Both figures show the case where the correction method according to the present invention is applied,
FIG. 9 is an explanatory view for explaining the result in comparison with the case where it is not, FIG. 9 is a configuration diagram showing a general example of a particle measuring device, and FIG. 10 is a view for explaining a relationship between a light receiving system visual field region and light receiving efficiency.
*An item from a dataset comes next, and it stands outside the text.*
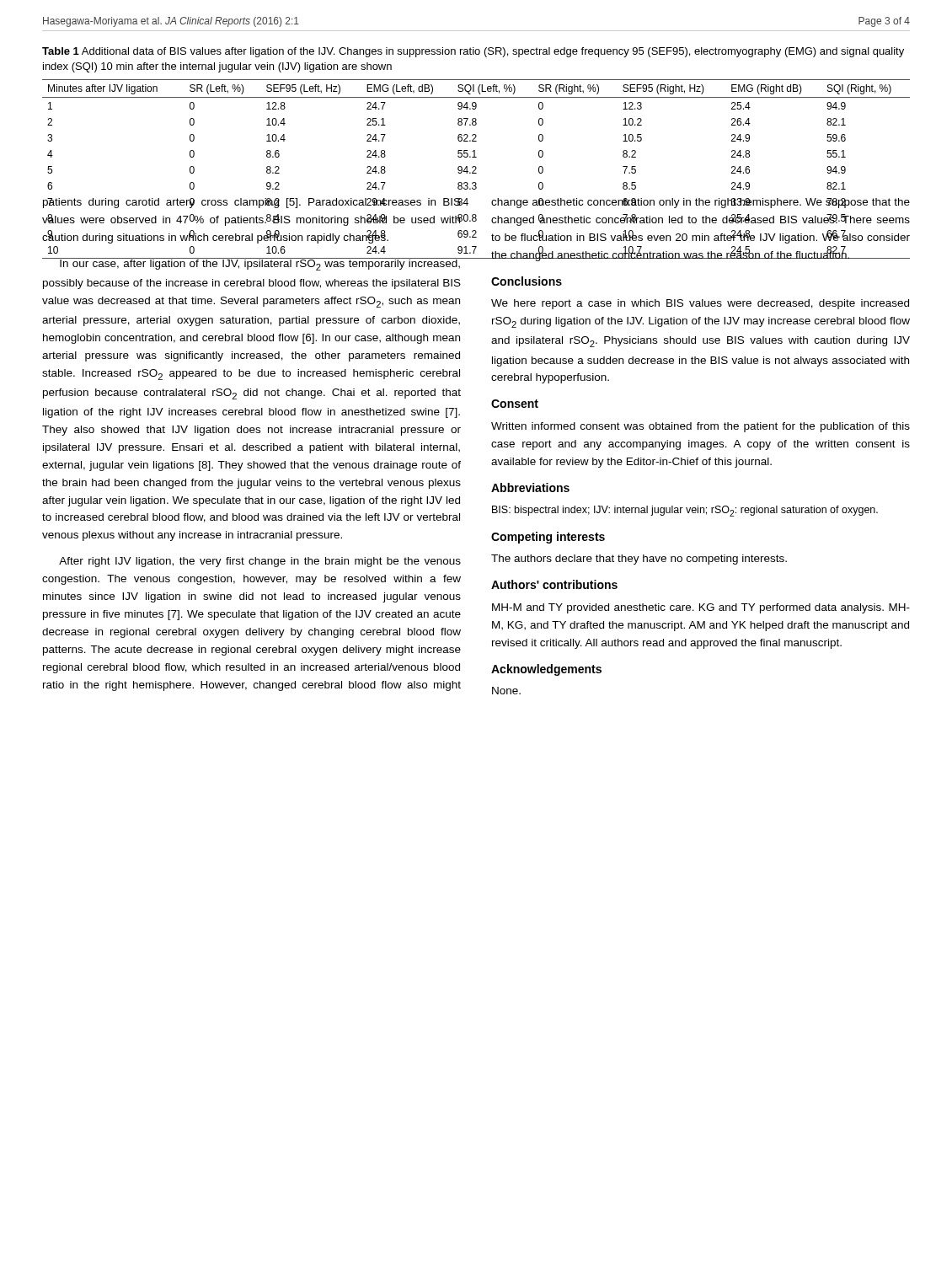Where is the passage that starts "BIS: bispectral index; IJV: internal jugular vein; rSO2:"?
Image resolution: width=952 pixels, height=1264 pixels.
tap(701, 511)

FIG. 11 is an explanatory view for explaining the light receiving efficiency of the scattered light image, FIG. 12 is an explanatory view for explaining the light receiving system visual field region, FIG. 13 and FIG. 14 are both It is explanatory drawing for demonstrating the relationship between a laser beam and its power distribution. Reference numeral 1 ... Laser light source, 2 ... Laser beam, 2A ... Beam waist, 3 ... Converging lens, 4 ... Measuring fluid, 5
...... Flow cell, 6 ... Beam block, 7 ... Scattered light, 8 ... Condenser lens, 9 ... Aperture (pinhole), 10
...... Photo detector, 11 ...... Amplifier, 12 …… Measurement circuit, 13 ……
Light-receiving system field of view, 14 ... Scattered light image.

 ─────────────────────────────────────────────────── ─── Continuation of the front page (72) Inventor Takeo Tanaka 1-1 Tanabe Nitta, Kawasaki-ku, Kawasaki-shi, Kanagawa Fuji Electric Co., Ltd. (72) Yuji Oki 1 Nitta Tanabe, Kawasaki-ku, Kawasaki-shi, Kanagawa No. 1 within Fuji Electric Co., Ltd. (56) Reference JP-A-61-29738 (JP, A)

Claims (1)

[Claims] 1. A measurement fluid containing fine particles is irradiated with a light beam, and the scattered light emitted from the fine particles by the light beam is received by limiting the visual field of the light-receiving system, and the scattered light is received from the received light. When performing the measurement with a device for measuring the number of fine particles and the particle size distribution, the light receiving efficiency distribution in the light receiving system visual field region caused by the limitation of the light receiving system visual field region is calculated, and the power of the light beam is calculated in this light receiving efficiency distribution. It is expected to be output from the device when the particle size corresponding to the representative particle size is measured for each particle size category defined by the device, based on the corrected light receiving efficiency distribution that is corrected according to the distribution. Calculate the particle size distribution of each,
The feature is that the difference between the expected output of each particle size distribution and the true particle size distribution is obtained as each error distribution, and the particle size distribution of the measurement result is corrected to the true particle size distribution based on each error distribution. A method for correcting the particle size distribution in the measurement of fine particles.